Once we have the metrics from APM monitoring and defined SLOs, we need to set up our alerting based on that data. Analyzing the metrics, we can configure alerts to notify the responsible team if a microservice fails to meet its SLOs. This way, the team can take corrective action to fix the issue before it becomes critical. Alerting allows you to proactively detect and respond to issues before they become critical. The only problem that we need to tackle is alert flaps. Alert flaps occur when the monitor triggers and resolves due to an error peak. What we have done in this case is that we have added the min() function, which calculates the minimum rate of errors during a given period. This way, alert flaps are avoided.
Of course, we also need to highlight the role of incident management in this flow. Incident management plays a critical role in maintaining the reliability and availability of a service. It involves detecting, responding to, and resolving incidents that may impact the service. Effective incident management helps minimize downtime, reduce user impact, and maintain the reputation of the service.
Incident management is closely related to SLOs, SLIs, and monitoring. Monitoring helps track the SLIs and provides visibility into the service’s performance. In case of an incident, incident management helps restore the service to the acceptable level defined by the SLOs. Another advantage of incident management is the creation and strengthening of the “Service Ownership” concept, which denotes the responsible people of the service, and hence the incident.

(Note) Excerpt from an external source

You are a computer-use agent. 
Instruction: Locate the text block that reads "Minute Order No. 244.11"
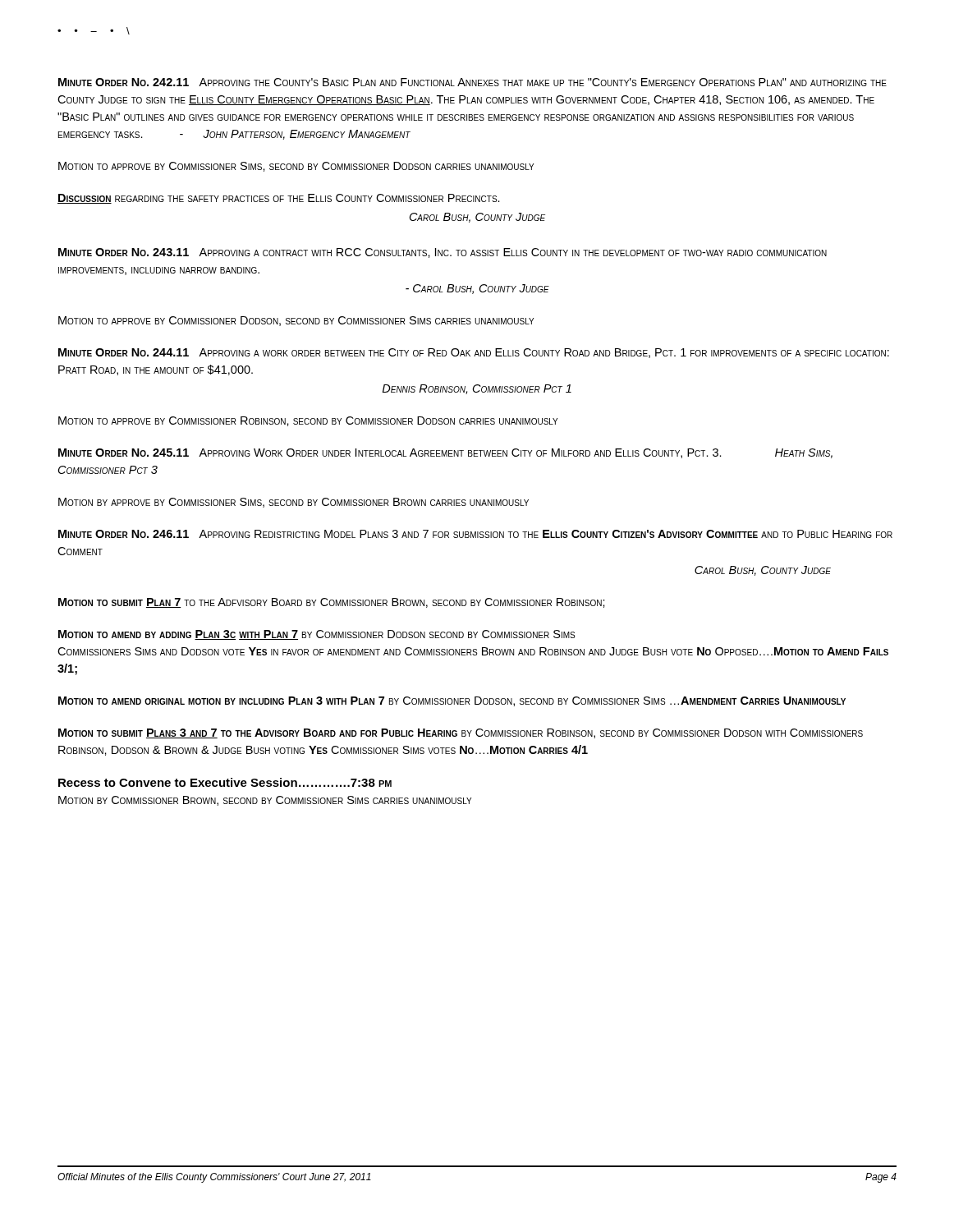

Incident management is a vast and complex topic that warrants a comprehensive article. There are various factors related to incident management processes, best practices, and tools that can facilitate incident management. Additionally, a significant aspect of incident management pertains to its close relationship with SLOs, SLIs, and monitoring. This relationship plays a crucial role in ensuring that the service meets the defined SLOs. I will dedicate my next article to it, stay tuned.
Conclusion
Integrating APM, SLOs, and Incident Management is a powerful way for organizations to optimize their operations and provide better service to their users. By automating issue identification and resolution, teams can quickly escalate incidents, minimize downtime, and improve service ownership processes. This integration enables teams to proactively identify potential issues and improve the overall user experience by establishing clear performance expectations. With greater visibility and control over their infrastructure, management and CTOs can make informed decisions based on real-time data and insights, leading to increased operational efficiency and a better user experience. By having a clear and concise reporting system in place, teams can communicate effectively with management and other stakeholders about the performance of their infrastructure and the status of ongoing incidents. Ultimately, this integration provides numerous benefits to organizations, including reduced downtime, enhanced user experience, and increased operational efficiency. After implementing the correct metrics for SLO/SLI/SLA, we are pleased to report that we have improved the customer experience and happiness; additionally, our average uptime has become 99.99%, and the incidents count decreased by 30%.